**The problem**:
Omitting all images, give the entries that follow again exactly as they read.

**Excerpted data**:
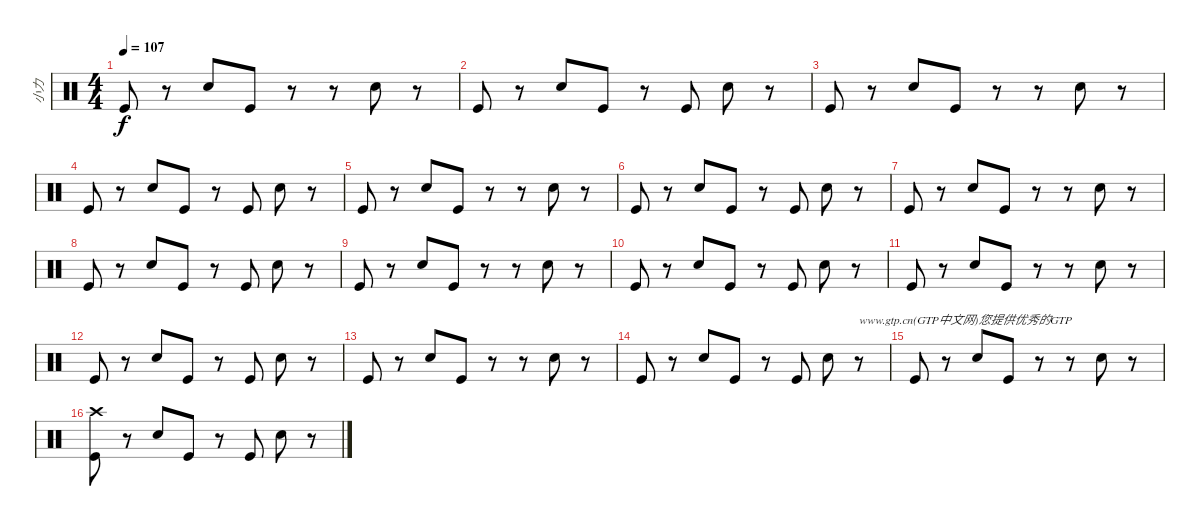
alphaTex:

\track ("小力" "小力") {instrument percussion}
\staff {score}
\articulation defaults
\ts (4 4)
\tempo 107
\clef neutral
\ks c "Kick (hit)".8{dy f}
r.8 "Electric Snare (hit)".8 "Kick (hit)".8 r.8 r.8 "Electric Snare (hit)".8 r.8 |
"Kick (hit)".8 r.8 "Electric Snare (hit)".8 "Kick (hit)".8 r.8 "Kick (hit)".8 "Electric Snare (hit)".8 r.8 |
"Kick (hit)".8 r.8 "Electric Snare (hit)".8 "Kick (hit)".8 r.8 r.8 "Electric Snare (hit)".8 r.8 |
"Kick (hit)".8 r.8 "Electric Snare (hit)".8 "Kick (hit)".8 r.8 "Kick (hit)".8 "Electric Snare (hit)".8 r.8 |
"Kick (hit)".8 r.8 "Electric Snare (hit)".8 "Kick (hit)".8 r.8 r.8 "Electric Snare (hit)".8 r.8 |
"Kick (hit)".8 r.8 "Electric Snare (hit)".8 "Kick (hit)".8 r.8 "Kick (hit)".8 "Electric Snare (hit)".8 r.8 |
"Kick (hit)".8 r.8 "Electric Snare (hit)".8 "Kick (hit)".8 r.8 r.8 "Electric Snare (hit)".8 r.8 |
"Kick (hit)".8 r.8 "Electric Snare (hit)".8 "Kick (hit)".8 r.8 "Kick (hit)".8 "Electric Snare (hit)".8 r.8 |
"Kick (hit)".8 r.8 "Electric Snare (hit)".8 "Kick (hit)".8 r.8 r.8 "Electric Snare (hit)".8 r.8 |
"Kick (hit)".8 r.8 "Electric Snare (hit)".8 "Kick (hit)".8 r.8 "Kick (hit)".8 "Electric Snare (hit)".8 r.8 |
"Kick (hit)".8 r.8 "Electric Snare (hit)".8 "Kick (hit)".8 r.8 r.8 "Electric Snare (hit)".8 r.8 |
"Kick (hit)".8 r.8 "Electric Snare (hit)".8 "Kick (hit)".8 r.8 "Kick (hit)".8 "Electric Snare (hit)".8 r.8 |
"Kick (hit)".8 r.8 "Electric Snare (hit)".8 "Kick (hit)".8 r.8 r.8 "Electric Snare (hit)".8 r.8 |
"Kick (hit)".8 r.8 "Electric Snare (hit)".8 "Kick (hit)".8 r.8 "Kick (hit)".8 "Electric Snare (hit)".8 r.8{txt "www.gtp.cn(GTP中文网)您提供优秀的GTP"} |
"Kick (hit)".8 r.8 "Electric Snare (hit)".8 "Kick (hit)".8 r.8 r.8 "Electric Snare (hit)".8 r.8 |
("Crash high (hit)" "Kick (hit)").8 r.8 "Electric Snare (hit)".8 "Kick (hit)".8 r.8 "Kick (hit)".8 "Electric Snare (hit)".8 r.8

**Response to the exercise**:
alphaTex:

\track ("小力" "小力") {instrument percussion}
\staff {score}
\articulation defaults
\ts (4 4)
\tempo 107
\clef neutral
\ks c "Kick (hit)".8{dy f}
r.8 "Electric Snare (hit)".8 "Kick (hit)".8 r.8 r.8 "Electric Snare (hit)".8 r.8 |
"Kick (hit)".8 r.8 "Electric Snare (hit)".8 "Kick (hit)".8 r.8 "Kick (hit)".8 "Electric Snare (hit)".8 r.8 |
"Kick (hit)".8 r.8 "Electric Snare (hit)".8 "Kick (hit)".8 r.8 r.8 "Electric Snare (hit)".8 r.8 |
"Kick (hit)".8 r.8 "Electric Snare (hit)".8 "Kick (hit)".8 r.8 "Kick (hit)".8 "Electric Snare (hit)".8 r.8 |
"Kick (hit)".8 r.8 "Electric Snare (hit)".8 "Kick (hit)".8 r.8 r.8 "Electric Snare (hit)".8 r.8 |
"Kick (hit)".8 r.8 "Electric Snare (hit)".8 "Kick (hit)".8 r.8 "Kick (hit)".8 "Electric Snare (hit)".8 r.8 |
"Kick (hit)".8 r.8 "Electric Snare (hit)".8 "Kick (hit)".8 r.8 r.8 "Electric Snare (hit)".8 r.8 |
"Kick (hit)".8 r.8 "Electric Snare (hit)".8 "Kick (hit)".8 r.8 "Kick (hit)".8 "Electric Snare (hit)".8 r.8 |
"Kick (hit)".8 r.8 "Electric Snare (hit)".8 "Kick (hit)".8 r.8 r.8 "Electric Snare (hit)".8 r.8 |
"Kick (hit)".8 r.8 "Electric Snare (hit)".8 "Kick (hit)".8 r.8 "Kick (hit)".8 "Electric Snare (hit)".8 r.8 |
"Kick (hit)".8 r.8 "Electric Snare (hit)".8 "Kick (hit)".8 r.8 r.8 "Electric Snare (hit)".8 r.8 |
"Kick (hit)".8 r.8 "Electric Snare (hit)".8 "Kick (hit)".8 r.8 "Kick (hit)".8 "Electric Snare (hit)".8 r.8 |
"Kick (hit)".8 r.8 "Electric Snare (hit)".8 "Kick (hit)".8 r.8 r.8 "Electric Snare (hit)".8 r.8 |
"Kick (hit)".8 r.8 "Electric Snare (hit)".8 "Kick (hit)".8 r.8 "Kick (hit)".8 "Electric Snare (hit)".8 r.8{txt "www.gtp.cn(GTP中文网)您提供优秀的GTP"} |
"Kick (hit)".8 r.8 "Electric Snare (hit)".8 "Kick (hit)".8 r.8 r.8 "Electric Snare (hit)".8 r.8 |
("Crash high (hit)" "Kick (hit)").8 r.8 "Electric Snare (hit)".8 "Kick (hit)".8 r.8 "Kick (hit)".8 "Electric Snare (hit)".8 r.8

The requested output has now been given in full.